TLDR
I created an endpoint in my Astro blog that outputs all posts in plain text format. This lets me copy my entire blog with one click and paste it into any LLM with adequate context window. The setup uses TypeScript and Astro’s API routes, making it work with any Astro content collection.
Why I Built This
I wanted a quick way to ask AI models questions about my own blog content. Copying posts one by one is slow. With this solution, I can give any LLM all my blog posts at once.
How It Works
The solution creates a special endpoint that:
- Gets all blog posts
- Converts them to plain text
- Formats them with basic metadata
- Outputs everything as one big text file
Setting Up the File
First, I created a new TypeScript file in my Astro pages directory:
// src/pages/llms.txt.ts
import type { APIRoute } from "astro";
import { getCollection } from "astro:content";
// Function to extract the frontmatter as text
const extractFrontmatter = (content: string): string => {
const frontmatterMatch = content.match(/^---\n([\s\S]*?)\n---/);
return frontmatterMatch ? frontmatterMatch[1] : '';
};
// Function to clean content while keeping frontmatter
const cleanContent = (content: string): string => {
// Extract the frontmatter as text
const frontmatterText = extractFrontmatter(content);
// Remove the frontmatter delimiters
let cleanedContent = content.replace(/^---\n[\s\S]*?\n---/, '');
// Clean up MDX-specific imports
cleanedContent = cleanedContent.replace(/import\s+.*\s+from\s+['"].*['"];?\s*/g, '');
// Remove MDX component declarations
cleanedContent = cleanedContent.replace(/<\w+\s+.*?\/>/g, '');
// Remove Shiki Twoslash syntax like
cleanedContent = cleanedContent.replace(/\/\/\s*@noErrors/g, '');
cleanedContent = cleanedContent.replace(/\/\/\s*@(.*?)$/gm, ''); // Remove other Shiki Twoslash directives
// Clean up multiple newlines
cleanedContent = cleanedContent.replace(/\n\s*\n\s*\n/g, '\n\n');
// Return the frontmatter as text, followed by the cleaned content
return frontmatterText + '\n\n' + cleanedContent.trim();
};
export const GET: APIRoute = async () => {
try {
// Get all blog posts sorted by date (newest first)
const posts = await getCollection('blog', ({ data }) => !data.draft);
const sortedPosts = posts.sort((a, b) =>
new Date(b.data.pubDatetime).valueOf() - new Date(a.data.pubDatetime).valueOf()
);
// Generate the content
let llmsContent = '';
for (const post of sortedPosts) {
// Add post metadata in the format similar to the example
llmsContent += `--- title: ${post.data.title} description: ${post.data.description} tags: [${post.data.tags.map(tag => `'${tag}'`).join(', ')}] ---\n\n`;
// Add the post title as a heading
llmsContent += `# ${post.data.title}\n\n`;
// Process the content, keeping frontmatter as text
const processedContent = cleanContent(post.body);
llmsContent += processedContent + '\n\n';
// Add separator between posts
llmsContent += '---\n\n';
}
// Return the response as plain text
return new Response(llmsContent, {
headers: { "Content-Type": "text/plain; charset=utf-8" },
});
} catch (error) {
console.error('Failed to generate llms.txt:', error);
return new Response('Error generating llms.txt', { status: 500 });
}
};
This code accomplishes four key functions:
- It uses Astro’s
getCollection
function to grab all published blog posts - It sorts them by date with newest first
- It cleans up each post’s content with helper functions
- It formats each post with its metadata and content
- It returns everything as plain text
How to Use It
Using this is simple:
- Visit
alexop.dev/llms.txt
in your browser - Press Ctrl+A (or Cmd+A on Mac) to select all the text
- Copy it (Ctrl+C or Cmd+C)
- Paste it into any LLM with adequate context window (like ChatGPT, Claude, Llama, etc.)

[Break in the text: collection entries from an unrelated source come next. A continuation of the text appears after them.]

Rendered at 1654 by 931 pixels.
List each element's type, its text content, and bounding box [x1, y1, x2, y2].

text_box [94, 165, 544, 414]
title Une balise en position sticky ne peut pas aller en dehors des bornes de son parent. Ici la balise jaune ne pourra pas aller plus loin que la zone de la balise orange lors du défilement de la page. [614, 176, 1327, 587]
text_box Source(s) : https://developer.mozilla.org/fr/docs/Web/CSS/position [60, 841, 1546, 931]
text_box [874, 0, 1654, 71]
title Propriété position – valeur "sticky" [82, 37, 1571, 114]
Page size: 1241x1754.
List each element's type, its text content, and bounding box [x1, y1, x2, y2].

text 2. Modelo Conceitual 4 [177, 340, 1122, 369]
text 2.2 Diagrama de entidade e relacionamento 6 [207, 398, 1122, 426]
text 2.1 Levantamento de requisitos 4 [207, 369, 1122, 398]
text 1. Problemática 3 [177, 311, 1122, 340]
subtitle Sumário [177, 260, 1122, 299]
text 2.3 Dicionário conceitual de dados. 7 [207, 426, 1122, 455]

- Ask questions about your blog content
The LLM now has all your blog posts in its context window. You can ask questions such as:
- “What topics have I written about?”
- “Summarize my post about [topic]”
- “Find code examples in my posts that use [technology]”

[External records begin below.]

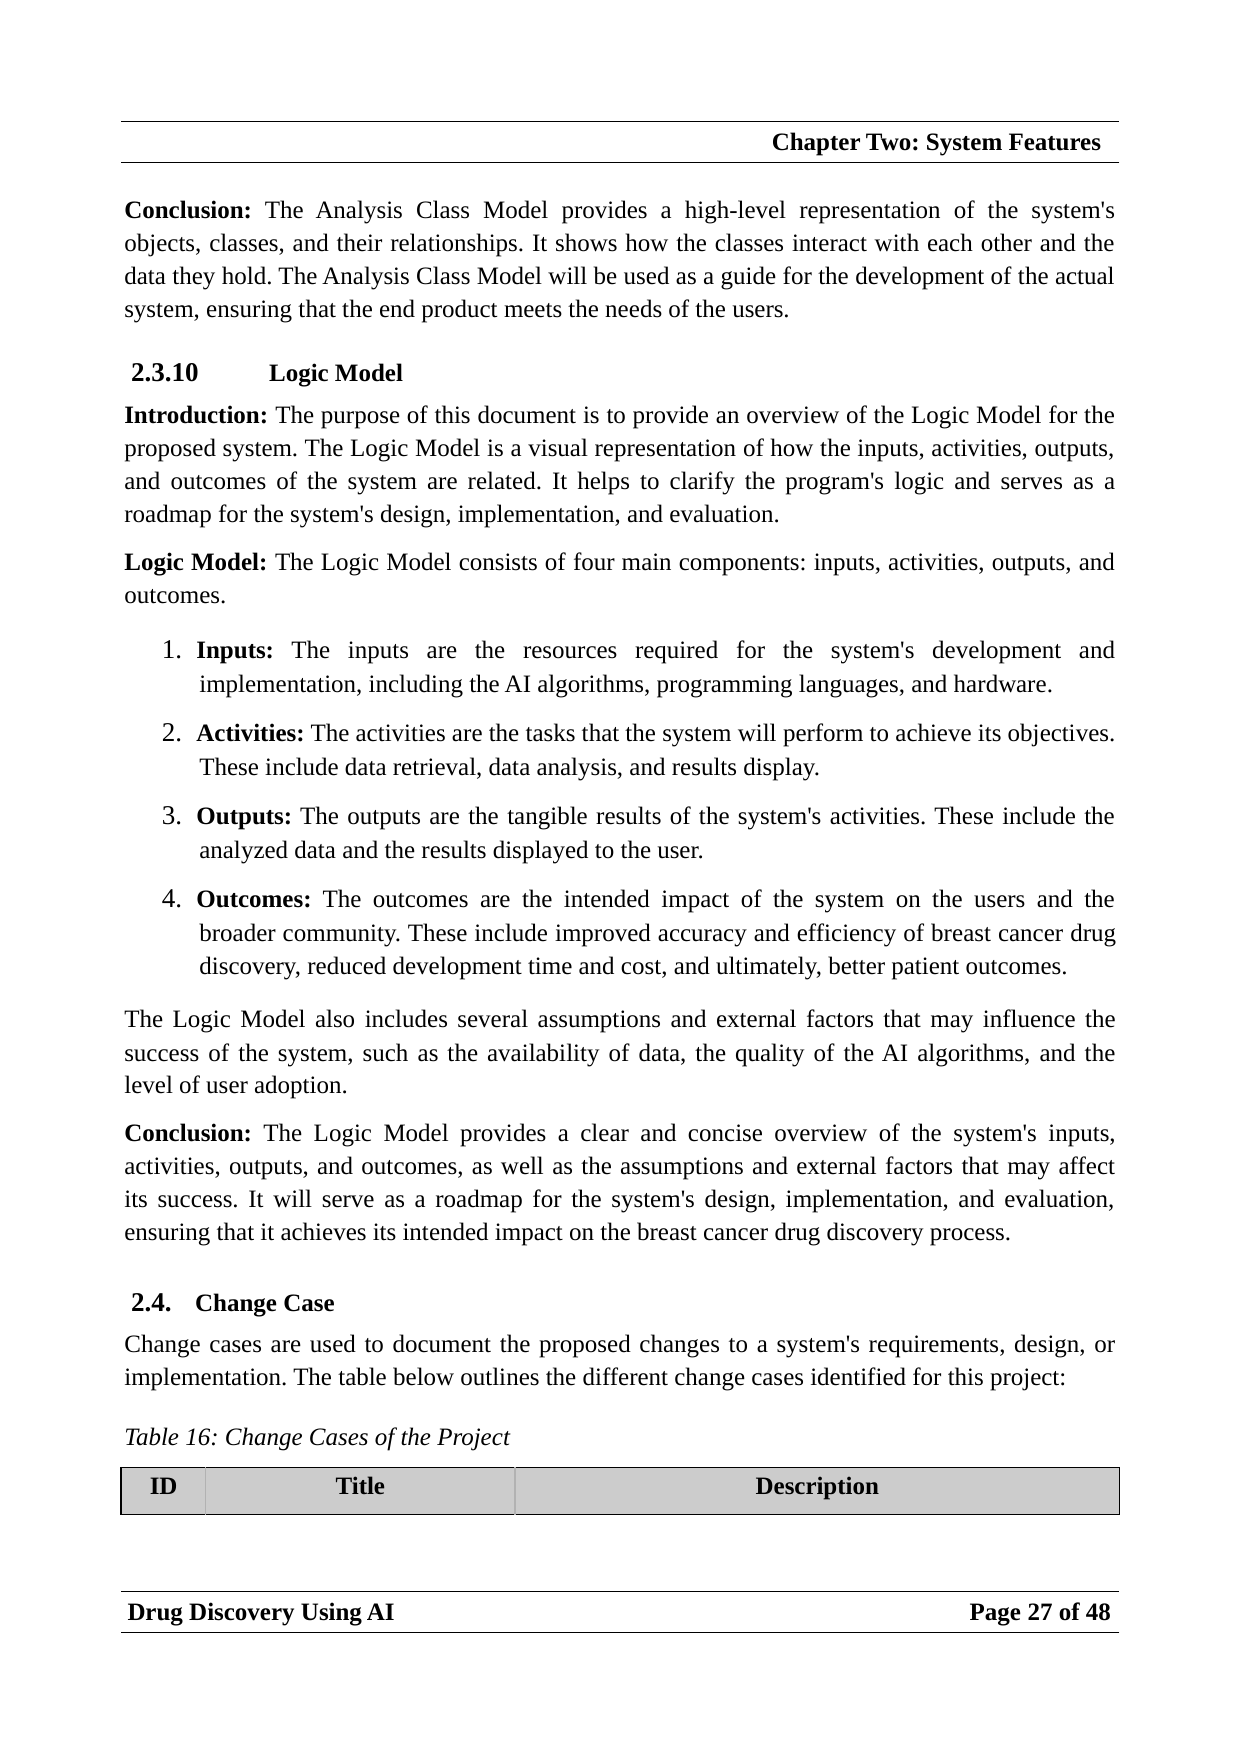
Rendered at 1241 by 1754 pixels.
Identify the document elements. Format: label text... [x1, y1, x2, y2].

text Conclusion: The Logic Model provides a clear and concise overview of the system's inputs, activities, outputs, and outcomes, as well as the assumptions and external factors that may affect its success. It will serve as a roadmap for the system's design, implementation, and evaluation, ensuring that it achieves its intended impact on the breast cancer drug discovery process. [121, 1115, 1119, 1246]
subtitle Logic Model [121, 353, 1119, 388]
text The Logic Model also includes several assumptions and external factors that may influence the success of the system, such as the availability of data, the quality of the AI algorithms, and the level of user adoption. [121, 1002, 1119, 1099]
list Outputs: The outputs are the tangible results of the system's activities. These include the analyzed data and the results displayed to the user. [159, 796, 1119, 864]
text Introduction: The purpose of this document is to provide an overview of the Logic Model for the proposed system. The Logic Model is a visual representation of how the inputs, activities, outputs, and outcomes of the system are related. It helps to clarify the program's logic and serves as a roadmap for the system's design, implementation, and evaluation. [121, 397, 1119, 528]
table_header Title [206, 1468, 514, 1514]
text Table 16: Change Cases of the Project [121, 1419, 1119, 1454]
table_header Description [516, 1468, 1119, 1514]
table_header ID [122, 1468, 205, 1514]
list Inputs: The inputs are the resources required for the system's development and implementation, including the AI algorithms, programming languages, and hardware. [159, 630, 1119, 698]
text Conclusion: The Analysis Class Model provides a high-level representation of the system's objects, classes, and their relationships. It shows how the classes interact with each other and the data they hold. The Analysis Class Model will be used as a guide for the development of the actual system, ensuring that the end product meets the needs of the users. [121, 192, 1119, 323]
text Change cases are used to document the proposed changes to a system's requirements, design, or implementation. The table below outlines the different change cases identified for this project: [121, 1326, 1119, 1391]
text Logic Model: The Logic Model consists of four main components: inputs, activities, outputs, and outcomes. [121, 544, 1119, 612]
list Activities: The activities are the tasks that the system will perform to achieve its objectives. These include data retrieval, data analysis, and results display. [159, 713, 1119, 781]
subtitle Change Case [121, 1283, 1119, 1317]
list Outcomes: The outcomes are the intended impact of the system on the users and the broader community. These include improved accuracy and efficiency of breast cancer drug discovery, reduced development time and cost, and ultimately, better patient outcomes. [159, 879, 1119, 983]

- “What have I written about [specific topic]?”
Benefits of This Approach
This approach offers distinct advantages:
- Works with any Astro blog
- Requires a single file to set up
- Makes your content easy to query with any LLM
- Keeps useful metadata with each post
- Formats content in a way LLMs understand well
Conclusion
By adding one straightforward TypeScript file to your Astro blog, you can create a fast way to chat with your own content using any LLM with adequate context window. This makes it easy to:
- Find information in your old posts
- Get summaries of your content
- Find patterns across your writing
- Generate new ideas based on your past content
Give it a try! The setup takes minutes, and it makes interacting with your blog content much faster.